El año pasado, tuve la oportunidad de reunirme personalmente
y hablar con algunos de los nuevos presidentes que fueron
elegidos democráticamente en Sudamérica y
Centroamérica.
Independientemente de la afiliación política,
hubo un tema común en todas estas reuniones: El deseo
de promover la prosperidad y las oportunidades por medio
de la educación, el empleo, el crecimiento económico
y la justicia social.
La mayoría de los países, después
de mucha experimentación, ha reconocido que la verdadera
justicia social no es cuestión de redistribuir la
pobreza, sino de sacar al pueblo de la pobreza.
La verdadera justicia social es darle a la gente la oportunidad
de superarse y mejorar la vida de su familia; es otorgarle
la oportunidad de alcanzar sus sueños.
El comercio, el capital y la libre empresa producen resultados.
El Índice de Libertad Económica del 2007 publicado
recientemente (Heritage Foundation/Wall Street Journal)
informa que los países más libres del mundo
tienen un ingreso per cápita más alto, y tasas
más bajas de desempleo y de inflación.
Según este estudio, existe una correlación
entre los países que reprimen a su gente por motivos
políticos y el sufrimiento económico del pueblo.
En nuestro hemisferio, hay quienes quieren volver al pasado,
limitar la libertad, secuestrar la esperanza.
Nuestra visión para el continente americano es una
región de libertad económica, mercados abiertos,
con mayores ingresos y empleo.
Éstas son las semillas de las sociedades libres,
seguras y económicamente sólidas que ofrecen
transparencia y oportunidades equitativas para todos, y
no ponen a nadie por encima o por debajo de la ley.

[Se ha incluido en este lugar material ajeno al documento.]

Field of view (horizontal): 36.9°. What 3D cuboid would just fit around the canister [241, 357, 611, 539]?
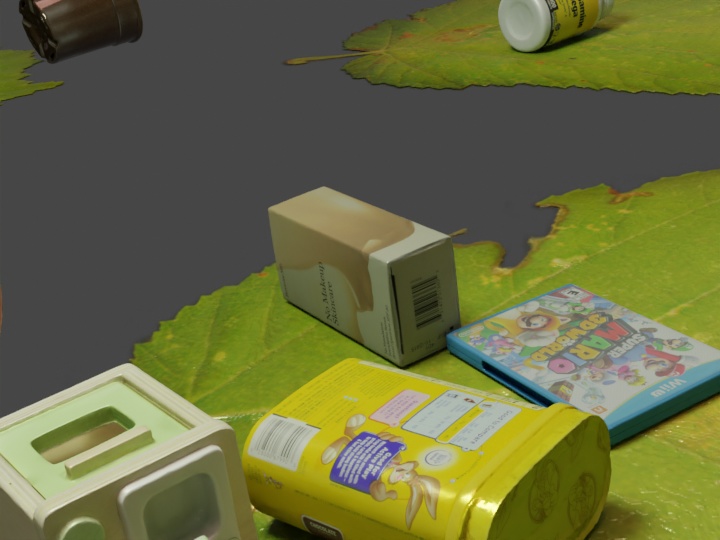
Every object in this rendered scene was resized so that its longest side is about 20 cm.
[{"bbox_3d":[0.040,0.129,0.704,0.200,0.087,0.148,11,30,39],"label":"canister"}]

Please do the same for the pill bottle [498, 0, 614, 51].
[{"bbox_3d":[0.346,-0.457,1.875,0.200,0.113,0.112,-25,29,-32],"label":"pill bottle"}]

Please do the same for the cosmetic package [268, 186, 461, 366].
[{"bbox_3d":[0.000,0.000,0.982,0.071,0.105,0.200,-22,26,-28],"label":"cosmetic package"}]

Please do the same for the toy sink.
[{"bbox_3d":[-0.146,0.152,0.677,0.130,0.112,0.200,-24,28,-31],"label":"toy sink"}]

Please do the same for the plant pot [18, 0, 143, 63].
[{"bbox_3d":[-0.603,-0.546,2.297,0.198,0.201,0.200,-32,32,-28],"label":"plant pot"}]

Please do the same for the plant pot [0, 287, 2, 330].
[{"bbox_3d":[-0.422,0.033,0.834,0.195,0.201,0.201,-13,19,29],"label":"plant pot"}]

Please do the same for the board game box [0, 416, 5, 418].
[{"bbox_3d":[-0.337,0.175,0.758,0.165,0.057,0.200,2,26,26],"label":"board game box"}]

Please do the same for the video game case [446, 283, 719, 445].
[{"bbox_3d":[0.184,0.069,0.875,0.143,0.018,0.200,-19,27,-25],"label":"video game case"}]

Más allá del Tratado de Libre Comercio, la
visión de crear un hemisferio de libre empresa, menores
barreras arancelarias y mayor prosperidad se está
haciendo realidad país por país.
México abrió el camino en América
Latina al incorporarse al TLC. Otros, como Chile y Centroamérica,
están emulando el éxito de México.
Y están en el tintero acuerdos con Colombia, Perú
y Panamá.
Con el tiempo, queremos hacer realidad la visión
de una región de libre comercio en todo el continente
americano. Una manera de hacerlo sería la siguiente:
consolidar todos los acuerdos que ya se han logrado.
México, que tiene más acuerdos de libre comercio
que ningún otro país en América Latina,
ha estado a la vanguardia del rejuvenecimiento latinoamericano,
al promover la justicia social, generar empleo y oportunidades,
elevar el estándar de vida e instituir reformas que
le dan mayor participación al pueblo.
Con el ascenso de su clase media y un índice récord
de propiedad de vivienda, es evidente que México
tiene mucha experiencia en prácticas óptimas,
las cuales esperamos que comparta en el Foro sobre la Competitividad
de las Américas.
Conclusión
Tuve la suerte de vivir y trabajar en México al
iniciar mi carrera. He visto los enormes cambios económicos
que están teniendo lugar en este bello país.
Desde el año 2000, el PIB real de México
ha aumentado 9.4 por ciento. Se ha reducido la inflación
a más de la mitad. Las reservas internacionales han
aumentado en más del doble. El comercio anual a través
de nuestra frontera común asciende a más de
250 mil millones de dólares.
El gobierno del Presidente Calderón está
comprometido a generar nuevos éxitos. Nosotros estamos
comprometidos a trabajar con nuestro vecino y socio.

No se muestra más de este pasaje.